Le réseau a également été très énervé par la politique d'image de marque de Citroën. Le premier grief porte sur le fait qu'il l'a appris via la presse et qu'aucune information n'ait été faite en direction des agents. En outre, un certain nombre d'eux ont investi dans l'ancienne signalétique seulement quelques mois avant la présentation de la nouvelle. Dans certains cas, ces investissements ont représenté une dizaine de milliers d'euros.

 

Conscient du problème, le constructeur, qui a demandé à son réseau de se mettre aux nouvelles normes d'ici la fin 2024, a octroyé cinq ans pour ceux qui aurait récemment investi dans les anciens panneaux. Un geste qui n'a pas été considéré satisfaisant pour répondre aux investissements demandés. Face au mécontentement, Citroën serait prêt à faire un geste financier.

Envol des charges en SAV

 

Concernant l'après-vente, le réseau était également fortement très mécontent face aux problèmes très fréquents des logiciels fournis par le constructeur ainsi que la politique tarifaire de certains outils, notamment le matériel informatique, dont les tarifs se sont envolés.

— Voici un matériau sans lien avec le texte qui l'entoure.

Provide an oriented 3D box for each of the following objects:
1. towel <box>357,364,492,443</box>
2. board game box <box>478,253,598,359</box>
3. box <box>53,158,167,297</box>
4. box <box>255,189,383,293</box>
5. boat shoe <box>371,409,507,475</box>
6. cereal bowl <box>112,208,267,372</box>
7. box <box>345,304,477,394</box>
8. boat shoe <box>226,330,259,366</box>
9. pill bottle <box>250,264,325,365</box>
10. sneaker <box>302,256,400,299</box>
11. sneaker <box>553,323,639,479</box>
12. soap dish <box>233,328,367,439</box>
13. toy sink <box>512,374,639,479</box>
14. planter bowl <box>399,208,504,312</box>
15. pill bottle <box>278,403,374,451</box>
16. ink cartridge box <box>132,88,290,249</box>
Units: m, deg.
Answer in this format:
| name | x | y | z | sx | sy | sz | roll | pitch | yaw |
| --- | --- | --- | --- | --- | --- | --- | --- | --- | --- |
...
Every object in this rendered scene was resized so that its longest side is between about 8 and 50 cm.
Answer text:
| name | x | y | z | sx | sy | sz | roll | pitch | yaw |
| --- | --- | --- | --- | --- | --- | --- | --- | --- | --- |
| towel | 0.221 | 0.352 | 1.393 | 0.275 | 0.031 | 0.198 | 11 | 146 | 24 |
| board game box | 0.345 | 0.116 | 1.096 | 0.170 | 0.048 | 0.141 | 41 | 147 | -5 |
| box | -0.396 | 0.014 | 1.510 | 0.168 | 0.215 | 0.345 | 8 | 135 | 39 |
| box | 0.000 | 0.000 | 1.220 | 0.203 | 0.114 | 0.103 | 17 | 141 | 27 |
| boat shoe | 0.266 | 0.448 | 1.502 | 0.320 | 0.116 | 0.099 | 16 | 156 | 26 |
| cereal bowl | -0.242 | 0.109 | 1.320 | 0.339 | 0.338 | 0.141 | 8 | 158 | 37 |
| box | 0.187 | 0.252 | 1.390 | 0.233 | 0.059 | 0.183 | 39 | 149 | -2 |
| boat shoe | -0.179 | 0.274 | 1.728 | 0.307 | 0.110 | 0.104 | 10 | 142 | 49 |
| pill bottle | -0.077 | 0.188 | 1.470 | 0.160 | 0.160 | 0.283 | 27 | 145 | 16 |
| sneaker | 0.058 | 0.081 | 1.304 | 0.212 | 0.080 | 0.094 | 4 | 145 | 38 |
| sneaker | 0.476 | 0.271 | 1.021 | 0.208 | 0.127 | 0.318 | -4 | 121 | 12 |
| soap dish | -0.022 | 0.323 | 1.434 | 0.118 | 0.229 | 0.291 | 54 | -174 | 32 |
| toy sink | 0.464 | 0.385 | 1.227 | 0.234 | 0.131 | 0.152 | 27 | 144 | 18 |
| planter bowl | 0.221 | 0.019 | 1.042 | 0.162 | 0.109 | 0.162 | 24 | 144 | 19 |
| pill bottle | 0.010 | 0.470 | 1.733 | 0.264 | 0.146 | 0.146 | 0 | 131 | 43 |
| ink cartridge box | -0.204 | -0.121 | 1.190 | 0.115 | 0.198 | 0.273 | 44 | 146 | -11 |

Il était tout aussi remonté face à l'augmentation du prix des abonnements et de certaines pièces détachées, notamment des pièces d'usure comme les plaquettes de freins.

 

Et la réponse du constructeur n'a pas calmé les agents présents dans la salle. Si ce dernier leur a conseillé de répercuter les hausses tarifaires à leurs clients, le réseau n'a pas tardé à faire remarquer, "qu'avec la hausse des prix, les clients fuyaient le réseau du constructeur pour se rendre chez la concurrence".

 

Pour rappel, les 3400 agents Peugeot et Citroën représente 20 à 25 % des ventes de véhicules des deux marques, 40 % de l'activité des plateformes de pièces de rechange et 60 % de l'activité après-vente au sein du réseau du constructeur. Le constructeur reconnait que la situation des agents en France est unique dans le monde. "Elle n'a pas été prise en compte lors de l'édition de ce contrat", déplore Denis Baeza.

 

Le GNAC a également fortement reproché le calendrier porté par le constructeur pour la signature du contrat ainsi que sur les clauses de confidentialité, "qui ne semblent pas justifiées, si rien ne change comme nous l'assure le constructeur, souligne Denis Baeza. Promis en septembre, les contrats finalisés ne seront pas disponibles avant Noël et on vient de nous annoncer que cela sera plutôt fin janvier, ce qui nous laisse que quelques mois pour nous retourner. On sent vraiment que le constructeur joue contre la montre et veut passer en force." Face à l'opposition que le constructeur a dû affronter lors de cette réunion plénière, il semblerait que cela sera un peu plus compliqué qu'il ne l'avait espéré.